Anyway, I'm adding a gloss on "polyphyletic", as it is very technical. New sentence (not much better): "In examining the phylogeny of G. philippensis, although the species is clearly polyphyletic (it has more than one ancestral species), it is not the ancestor of most of its flightless descendants, revealing that the flightless condition evolved in rails before speciation was complete." Zaslav (talk) 21:07, 11 June 2019 (UTC)[reply]

I came here to report the internal contradictions of this exact same sentence, so it's nice to see I'm not the only one noting it. There are two parts to this. The use of the term "polyphyletic" is clearly problematic. It's fine to say that a species is polyphyletic as part of a sentence to say that therefore the species is wrongly recognised. A better term for the situation here is probably "hybrid" (i.e. G. phillippensis has multiple ancestors). But the second part is even more problematic: "it is not the ancestor of most of its flightless descendants" is pretty much an oxymoron. Better to leave it out, the subsequent phrase "revealing that..." makes somewhat more sense.

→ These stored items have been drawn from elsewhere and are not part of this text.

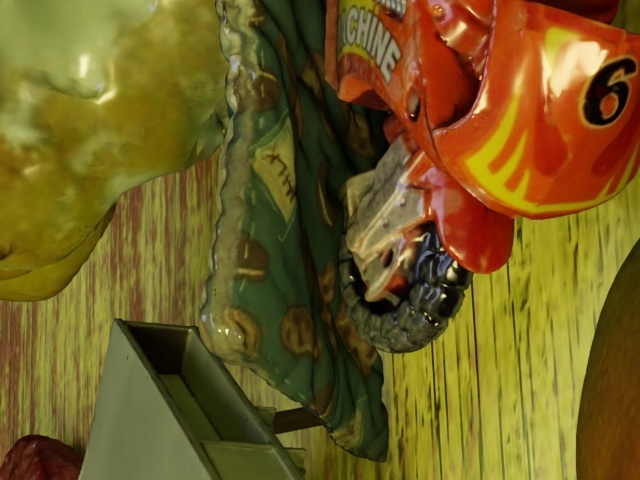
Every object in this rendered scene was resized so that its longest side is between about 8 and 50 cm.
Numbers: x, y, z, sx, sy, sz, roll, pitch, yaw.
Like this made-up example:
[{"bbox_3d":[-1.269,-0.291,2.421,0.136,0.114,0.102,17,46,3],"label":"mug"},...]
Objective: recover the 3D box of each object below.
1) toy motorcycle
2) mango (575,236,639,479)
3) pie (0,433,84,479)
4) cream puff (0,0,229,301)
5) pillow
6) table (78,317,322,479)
[{"bbox_3d":[0.061,-0.109,0.708,0.171,0.089,0.298,160,116,-63],"label":"toy motorcycle"},{"bbox_3d":[0.134,0.071,0.451,0.289,0.129,0.146,-127,47,-70],"label":"mango"},{"bbox_3d":[-0.187,0.214,1.235,0.182,0.049,0.182,-171,90,-68],"label":"pie"},{"bbox_3d":[-0.186,-0.149,0.953,0.275,0.378,0.378,35,115,56],"label":"cream puff"},{"bbox_3d":[-0.004,-0.049,0.779,0.189,0.034,0.255,45,-140,-64],"label":"pillow"},{"bbox_3d":[-0.018,0.138,0.790,0.240,0.111,0.121,-132,52,-60],"label":"table"}]

But the bottom line problem seems to be that the paper [Kirchman 2012] is based on purely mitochondrial data. At the time of publication, this was all that could be expected. But the history of our understanding of the relationship between Home sapiens, H. neanderthalensis and H. denisova should give pause. Any Homo phylogeny based on mitochondrial DNA would be hopelessly confused (and incorrect, inferring complete genetic isolation between the three that clearly didn't exist). But full DNA sequencing has revealed most of the recent genetic history of Homo. In that case, we have a pretty fair idea of the genetic interaction between the three, even of the timings, but it's still debated whether they formed one species or three (i.e. the debate isn't really about the underlying genetic facts of Homo evolution any more, but about how to apply cladistic terminology to a network phylogeny). With only MTDNA to go on, and with much more recent radiations and hybridisations in Gallirallus than in Homo, it's pointless to try to discuss the actual network relationships in terms of a cladistic terminology: nonsense is the predictable result.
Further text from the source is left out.